Research just out from Royal London shows I’m not alone. Apparently, 59% of parents either don’t have a will or have one that is out of date. More than half of those interviewed didn’t even have a will and a quarter of those said they had no intention of getting one. This is plainly bonkers: why would you work hard all your life and then have nothing to do with who gets your assets when you die? Not having a will – dying intestate – is not a good idea. Not only could it delay your estate being wound up, it could also mean that distant relatives get a share of your wealth. And if you’re living with a partner, then your unmarried status means that your other half won’t automatically get anything if you die without a will. Much easier, surely, to get a will.

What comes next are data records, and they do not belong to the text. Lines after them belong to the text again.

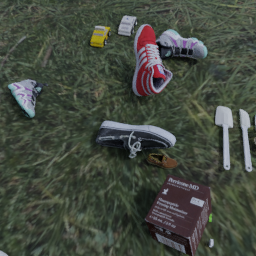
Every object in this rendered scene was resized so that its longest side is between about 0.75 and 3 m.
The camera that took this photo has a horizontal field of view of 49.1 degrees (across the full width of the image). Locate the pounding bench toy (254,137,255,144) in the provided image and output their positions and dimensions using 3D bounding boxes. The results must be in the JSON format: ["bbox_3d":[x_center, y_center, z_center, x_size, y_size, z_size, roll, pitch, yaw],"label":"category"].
[{"bbox_3d":[5.392,0.354,9.246,1.465,1.878,1.167,26,49,-25],"label":"pounding bench toy"}]

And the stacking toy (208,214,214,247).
[{"bbox_3d":[2.002,2.825,7.901,0.743,0.232,0.986,8,53,6],"label":"stacking toy"}]

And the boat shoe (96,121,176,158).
[{"bbox_3d":[0.173,0.420,9.063,2.648,0.978,0.904,12,60,19],"label":"boat shoe"}]

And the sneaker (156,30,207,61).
[{"bbox_3d":[2.059,-3.300,12.147,2.378,0.924,1.663,33,61,33],"label":"sneaker"}]

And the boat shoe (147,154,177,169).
[{"bbox_3d":[1.134,1.068,9.068,1.032,0.351,0.371,10,56,-6],"label":"boat shoe"}]

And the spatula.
[{"bbox_3d":[4.045,0.402,9.768,1.957,0.226,2.814,12,55,2],"label":"spatula"}]

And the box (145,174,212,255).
[{"bbox_3d":[1.397,2.315,7.495,1.238,1.225,1.492,13,52,30],"label":"box"}]

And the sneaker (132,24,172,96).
[{"bbox_3d":[0.910,-2.521,10.327,0.961,2.697,1.517,0,7,-31],"label":"sneaker"}]

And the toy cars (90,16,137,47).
[{"bbox_3d":[-0.655,-4.780,13.339,2.922,0.647,1.310,-29,59,-20],"label":"toy cars"}]

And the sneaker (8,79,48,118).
[{"bbox_3d":[-3.613,-1.300,10.669,1.336,0.742,1.910,-30,59,-20],"label":"sneaker"}]

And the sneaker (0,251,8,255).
[{"bbox_3d":[-3.033,4.200,6.292,1.042,1.188,2.964,-14,53,-8],"label":"sneaker"}]

Because my circumstances are a little complex I would always go with a professionally-drawn will. According to Which – see its all-encompassing guide here – it will cost me a few hundred pounds. That’s not an inconsiderable expense for me, but worth it for the peace of mind. If you do have very simple finances then you might consider a DIY will. As long as it is properly witnessed (by two over 18 year olds who aren’t executors and who don’t benefit from the will) then it will be legally binding. Which? suggests that you could write your own will and then have it checked by a professional which would make it cheaper. I’m thinking about this as an option – I could use my current will as a template and just change a few names and beneficiaries. Or there are will writing services which are cheaper than using a solicitor.

Some packaged bank accounts offer free will-writing, and if you’re a union member you might also get free will-writing as a benefit. Charities often offer free wills if you’re going to include them in your will. And there’s always Will Aid month where you get a professionally-written will in return for a charitable donation. The next Will Aid month is November next year. Hopefully, by then I will have got my act together and have a document which accurately reflects what I want for my estate.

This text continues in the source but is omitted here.